GIVEN MATERIAL:
[Start of Attachment]
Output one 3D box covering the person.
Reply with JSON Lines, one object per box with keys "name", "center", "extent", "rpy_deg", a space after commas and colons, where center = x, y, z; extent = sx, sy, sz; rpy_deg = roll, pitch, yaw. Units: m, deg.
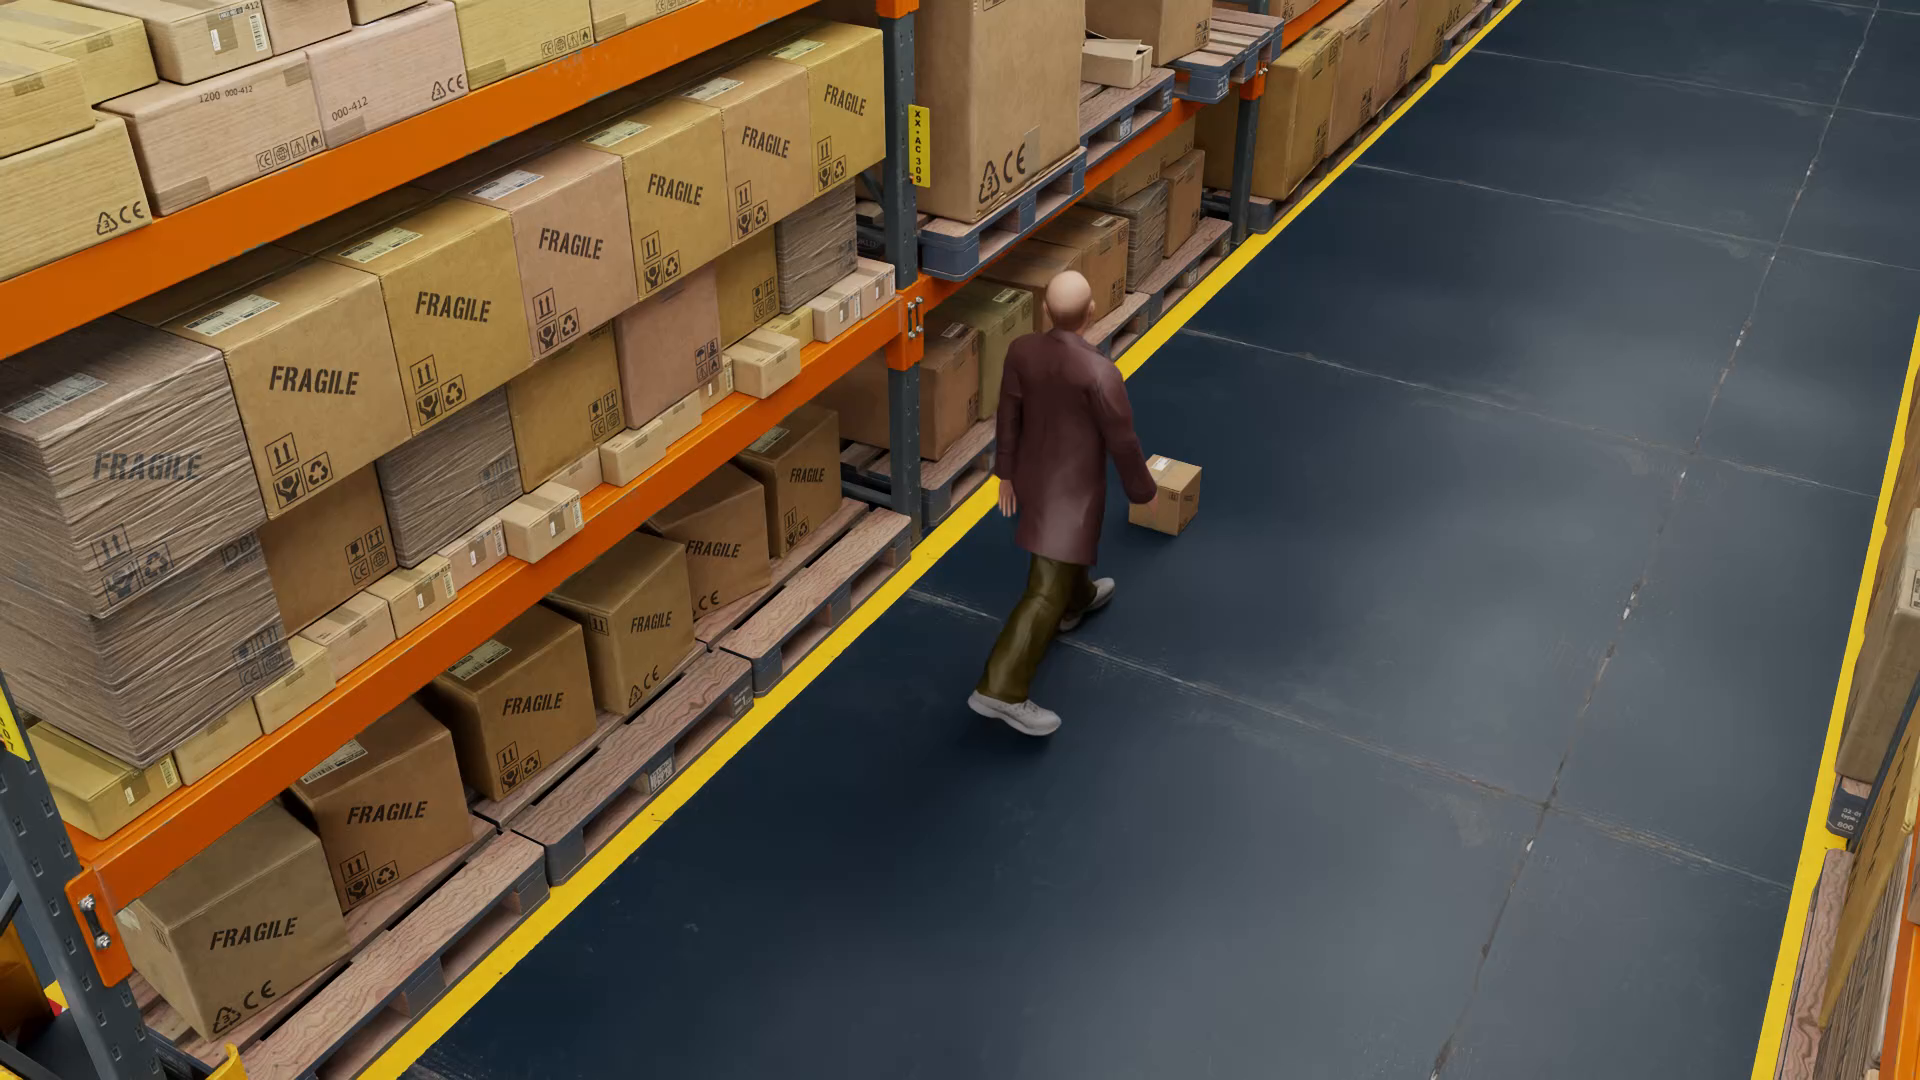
{"name": "person", "center": [0.411, -0.177, 6.441], "extent": [1.087, 1.732, 0.702], "rpy_deg": [-23, 40, -30]}
[End of Attachment]
WHAT YOU NEED TO DO: An exact reproduction of the data is needed, with no pictures included.

REPLY:
Output one 3D box covering the person.
Reply with JSON Lines, one object per box with keys "name", "center", "extent", "rpy_deg", a space after commas and colons, where center = x, y, z; extent = sx, sy, sz; rpy_deg = roll, pitch, yaw. Units: m, deg.
{"name": "person", "center": [0.411, -0.177, 6.441], "extent": [1.087, 1.732, 0.702], "rpy_deg": [-23, 40, -30]}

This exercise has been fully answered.